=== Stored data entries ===
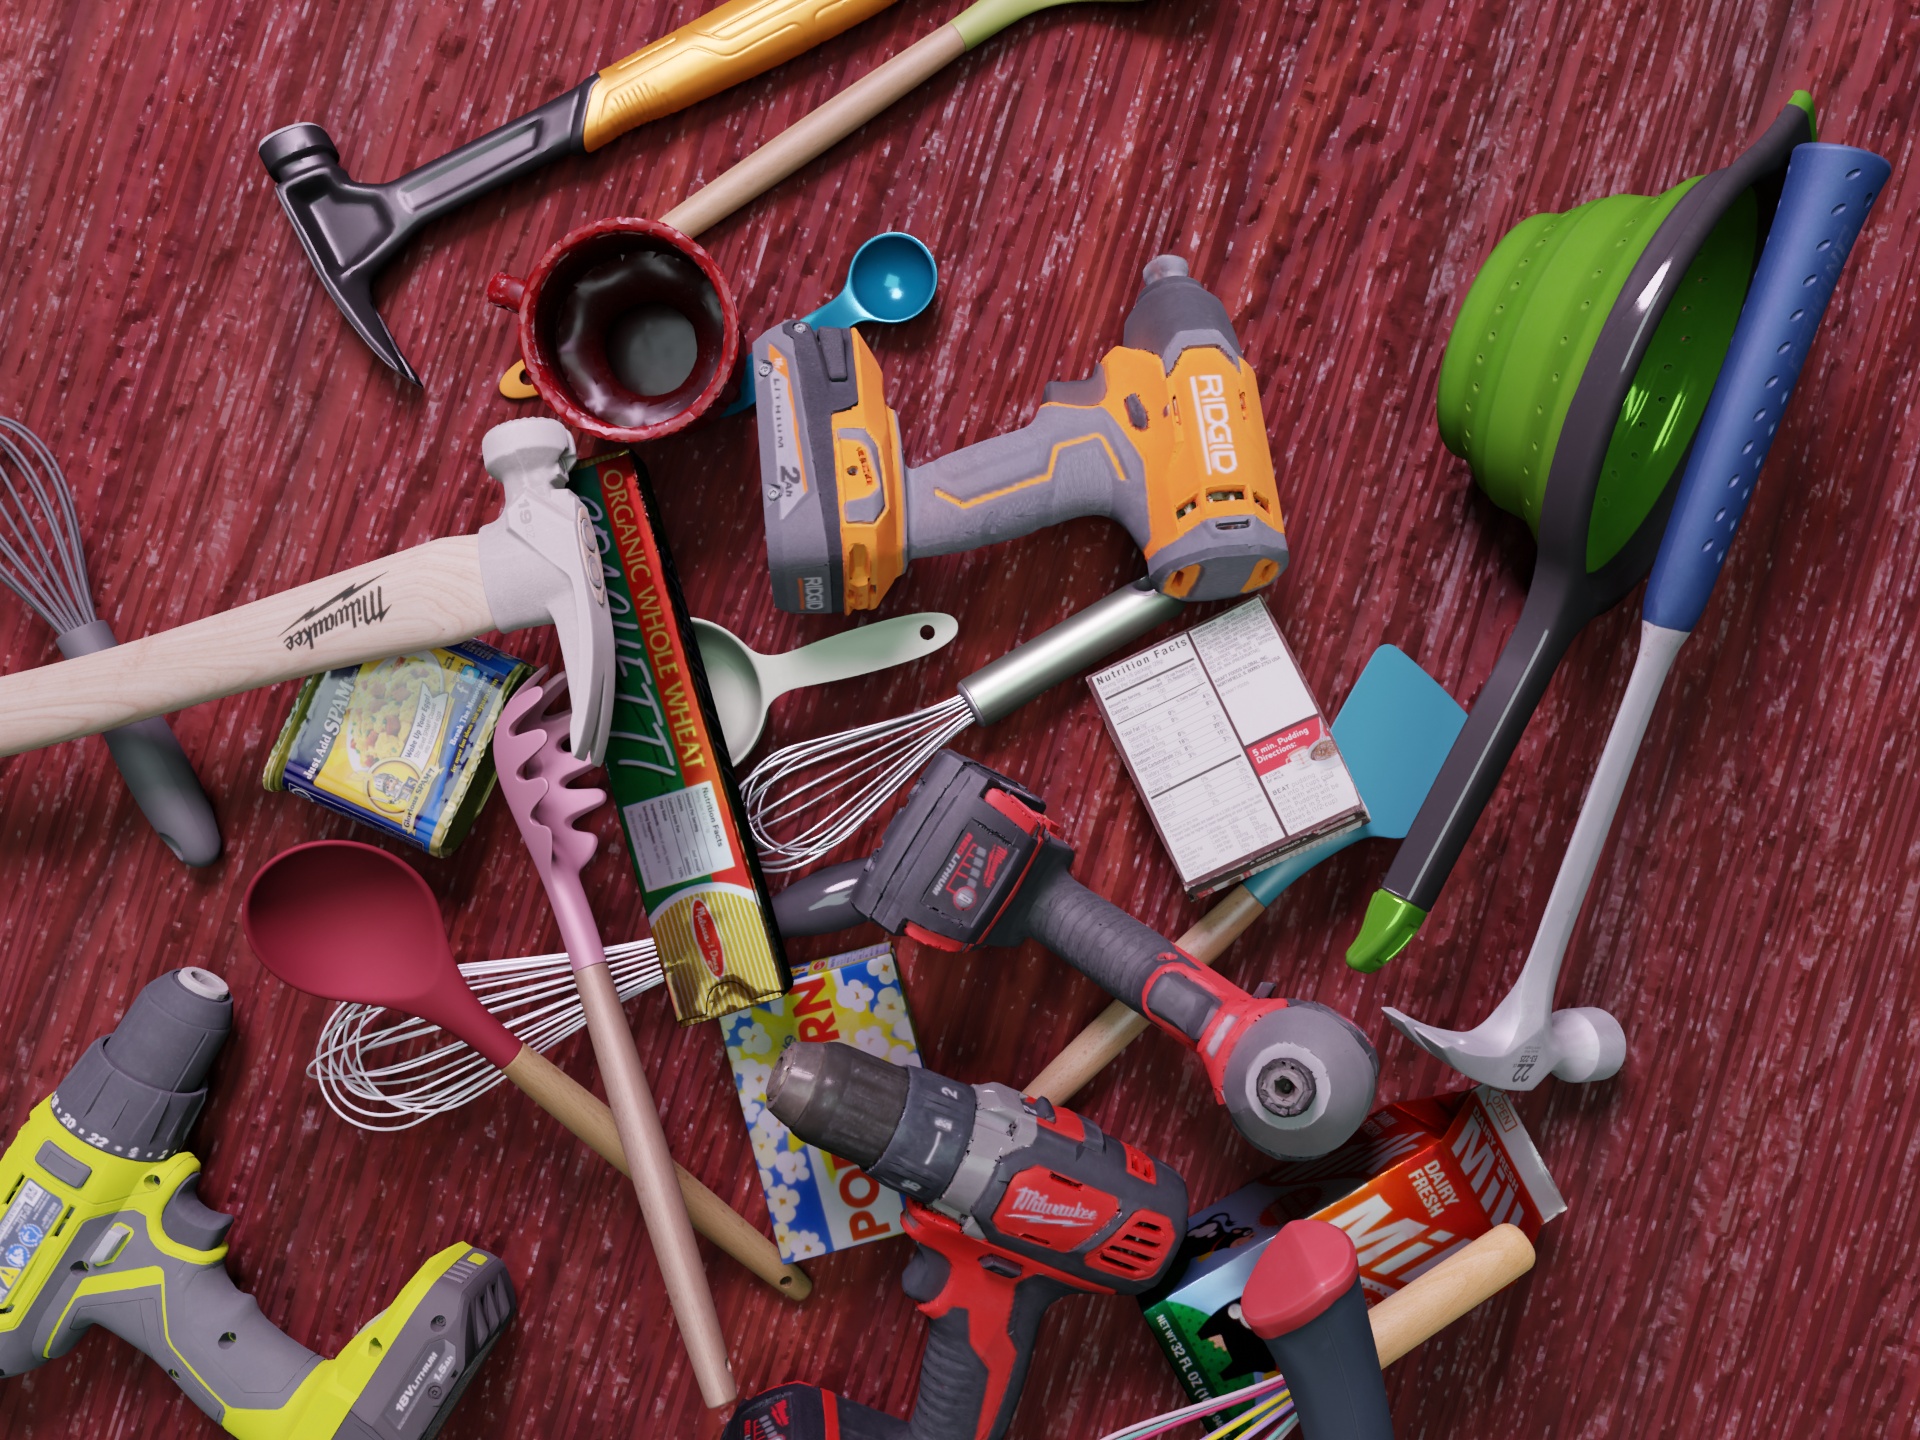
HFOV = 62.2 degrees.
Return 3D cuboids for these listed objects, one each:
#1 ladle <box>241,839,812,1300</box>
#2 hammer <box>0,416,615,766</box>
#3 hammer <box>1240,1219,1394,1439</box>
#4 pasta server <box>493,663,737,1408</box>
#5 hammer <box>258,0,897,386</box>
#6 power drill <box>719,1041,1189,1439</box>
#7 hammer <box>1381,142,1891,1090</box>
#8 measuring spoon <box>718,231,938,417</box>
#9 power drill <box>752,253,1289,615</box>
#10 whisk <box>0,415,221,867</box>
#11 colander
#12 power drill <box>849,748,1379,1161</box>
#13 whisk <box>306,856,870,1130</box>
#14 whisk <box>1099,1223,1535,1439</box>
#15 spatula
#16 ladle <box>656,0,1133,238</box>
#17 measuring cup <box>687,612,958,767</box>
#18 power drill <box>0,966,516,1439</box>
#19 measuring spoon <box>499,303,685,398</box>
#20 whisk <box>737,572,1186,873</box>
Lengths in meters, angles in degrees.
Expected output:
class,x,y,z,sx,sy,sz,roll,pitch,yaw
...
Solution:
class,x,y,z,sx,sy,sz,roll,pitch,yaw
ladle,-0.175,0.161,0.690,0.069,0.031,0.315,-44,110,0
hammer,-0.348,-0.009,0.676,0.410,0.038,0.146,-14,79,5
hammer,0.188,0.356,0.656,0.143,0.038,0.386,-15,115,-1
pasta server,-0.142,0.128,0.674,0.040,0.060,0.316,-22,77,9
hammer,-0.148,-0.286,0.739,0.337,0.034,0.127,-28,89,-1
power drill,-0.029,0.254,0.681,0.187,0.080,0.226,26,98,-12
hammer,0.287,-0.029,0.660,0.144,0.035,0.405,5,106,-36
measuring spoon,-0.066,-0.181,0.751,0.128,0.021,0.042,-34,87,8
power drill,0.024,-0.131,0.713,0.226,0.084,0.164,-5,72,-5
whisk,-0.404,-0.038,0.728,0.055,0.055,0.239,-27,94,-1
colander,0.236,-0.083,0.693,0.095,0.204,0.397,28,91,31
power drill,0.071,0.103,0.661,0.220,0.143,0.078,32,91,18
whisk,-0.156,0.115,0.727,0.284,0.070,0.070,-18,90,-6
whisk,0.134,0.283,0.662,0.245,0.051,0.047,-31,114,-5
spatula,0.118,0.100,0.745,0.317,0.044,0.082,-44,90,4
ladle,-0.023,-0.303,0.731,0.320,0.062,0.078,-34,99,2
measuring cup,-0.082,-0.021,0.736,0.167,0.038,0.083,-16,89,-3
power drill,-0.321,0.240,0.709,0.228,0.080,0.190,32,89,2
measuring spoon,-0.164,-0.181,0.748,0.117,0.011,0.021,-26,90,-1
whisk,-0.001,-0.002,0.736,0.246,0.058,0.059,-30,124,-4

=== Requirement ===
Go through the data above and count the lines that hold "degrees". Respond with the number and no other words.

=== Reply ===
2